Exercise details —
Print the data that follows without changing a single word.

Data to process —
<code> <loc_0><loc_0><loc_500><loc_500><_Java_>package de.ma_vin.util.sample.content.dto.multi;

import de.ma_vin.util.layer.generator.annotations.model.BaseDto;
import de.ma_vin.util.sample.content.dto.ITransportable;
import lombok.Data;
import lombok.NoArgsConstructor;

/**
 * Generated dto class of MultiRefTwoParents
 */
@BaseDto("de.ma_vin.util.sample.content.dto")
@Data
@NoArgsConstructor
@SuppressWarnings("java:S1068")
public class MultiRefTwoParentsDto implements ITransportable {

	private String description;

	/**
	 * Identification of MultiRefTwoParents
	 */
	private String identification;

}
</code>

Result —
<code> <loc_0><loc_0><loc_500><loc_500><_Java_>package de.ma_vin.util.sample.content.dto.multi;

import de.ma_vin.util.layer.generator.annotations.model.BaseDto;
import de.ma_vin.util.sample.content.dto.ITransportable;
import lombok.Data;
import lombok.NoArgsConstructor;

/**
 * Generated dto class of MultiRefTwoParents
 */
@BaseDto("de.ma_vin.util.sample.content.dto")
@Data
@NoArgsConstructor
@SuppressWarnings("java:S1068")
public class MultiRefTwoParentsDto implements ITransportable {

	private String description;

	/**
	 * Identification of MultiRefTwoParents
	 */
	private String identification;

}
</code>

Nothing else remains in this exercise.